Activity> Look for the line with "Answer yes or no. Yes. Is Orange greater" in the data below, then reproduce word for word that line and every line after it. Leave out all pictures and add nothing.

------ Exercise input ------

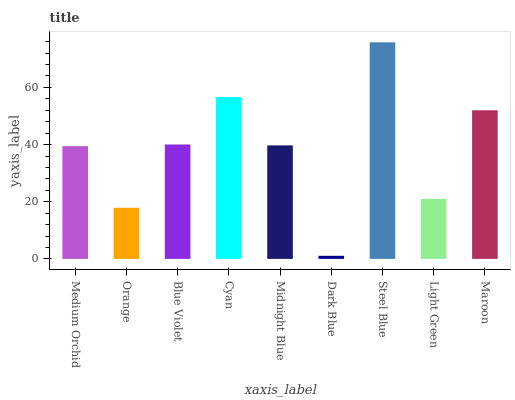Is Dark Blue the minimum?
Answer yes or no. Yes. Is Steel Blue the maximum?
Answer yes or no. Yes. Is Orange the minimum?
Answer yes or no. No. Is Orange the maximum?
Answer yes or no. No. Is Medium Orchid greater than Orange?
Answer yes or no. Yes. Is Orange less than Medium Orchid?
Answer yes or no. Yes. Is Orange greater than Medium Orchid?
Answer yes or no. No. Is Medium Orchid less than Orange?
Answer yes or no. No. Is Midnight Blue the high median?
Answer yes or no. Yes. Is Midnight Blue the low median?
Answer yes or no. Yes. Is Medium Orchid the high median?
Answer yes or no. No. Is Blue Violet the low median?
Answer yes or no. No. 
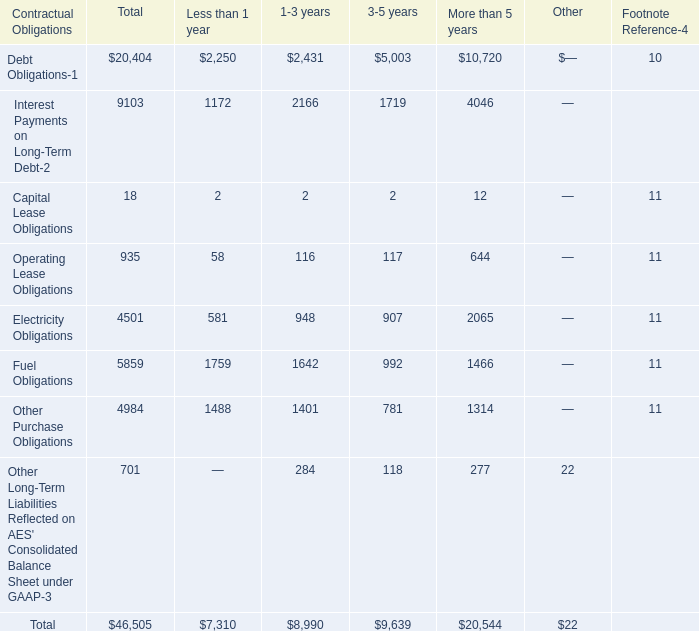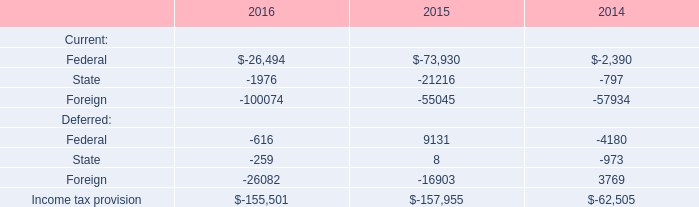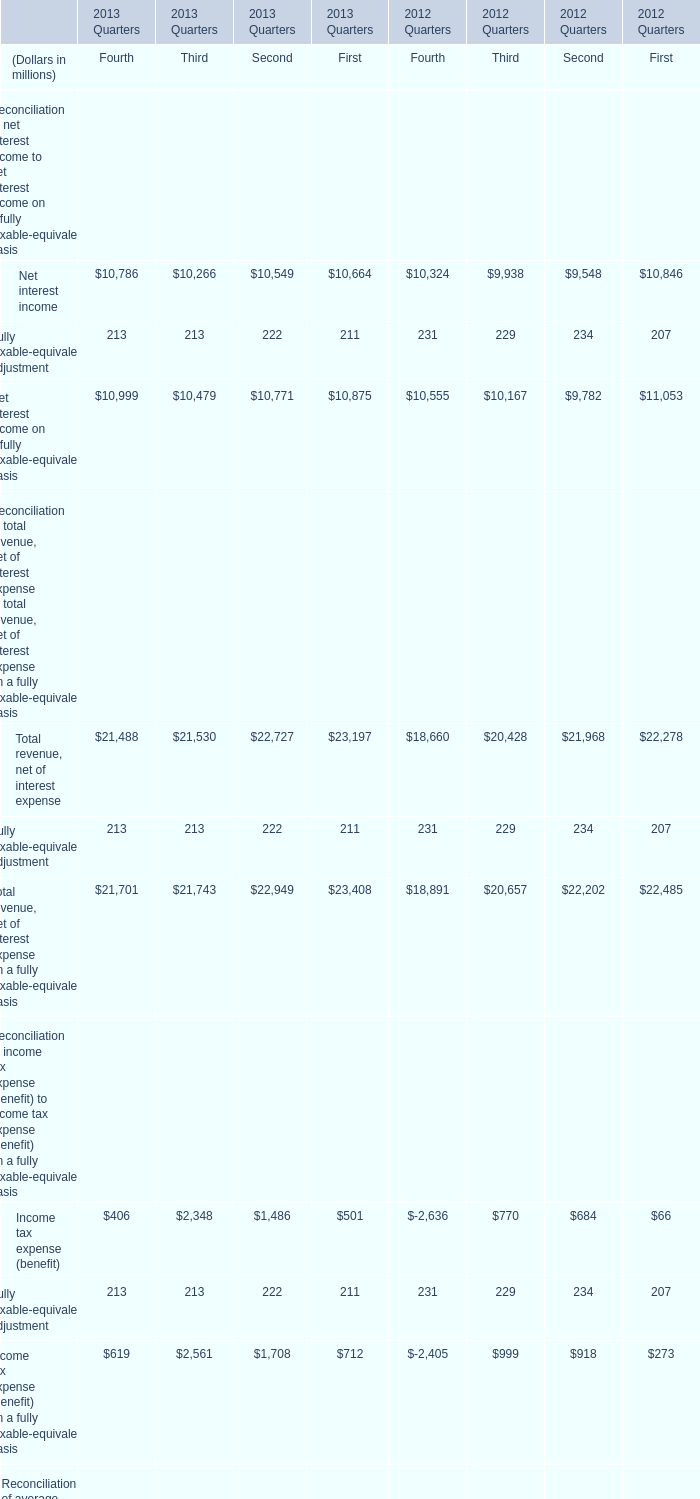What's the average of Net interest income and Fully taxable-equivalent adjustment in 2013? (in million) 
Computations: ((((((((10786 + 10266) + 10549) + 10664) + 213) + 213) + 222) + 211) / 2)
Answer: 21562.0.

------

Finished task>
Answer yes or no. Yes. Is Orange greater than Medium Orchid?
Answer yes or no. No. Is Medium Orchid less than Orange?
Answer yes or no. No. Is Midnight Blue the high median?
Answer yes or no. Yes. Is Midnight Blue the low median?
Answer yes or no. Yes. Is Medium Orchid the high median?
Answer yes or no. No. Is Blue Violet the low median?
Answer yes or no. No. 
What's the average of Net interest income and Fully taxable-equivalent adjustment in 2013? (in million) 
Computations: ((((((((10786 + 10266) + 10549) + 10664) + 213) + 213) + 222) + 211) / 2)
Answer: 21562.0.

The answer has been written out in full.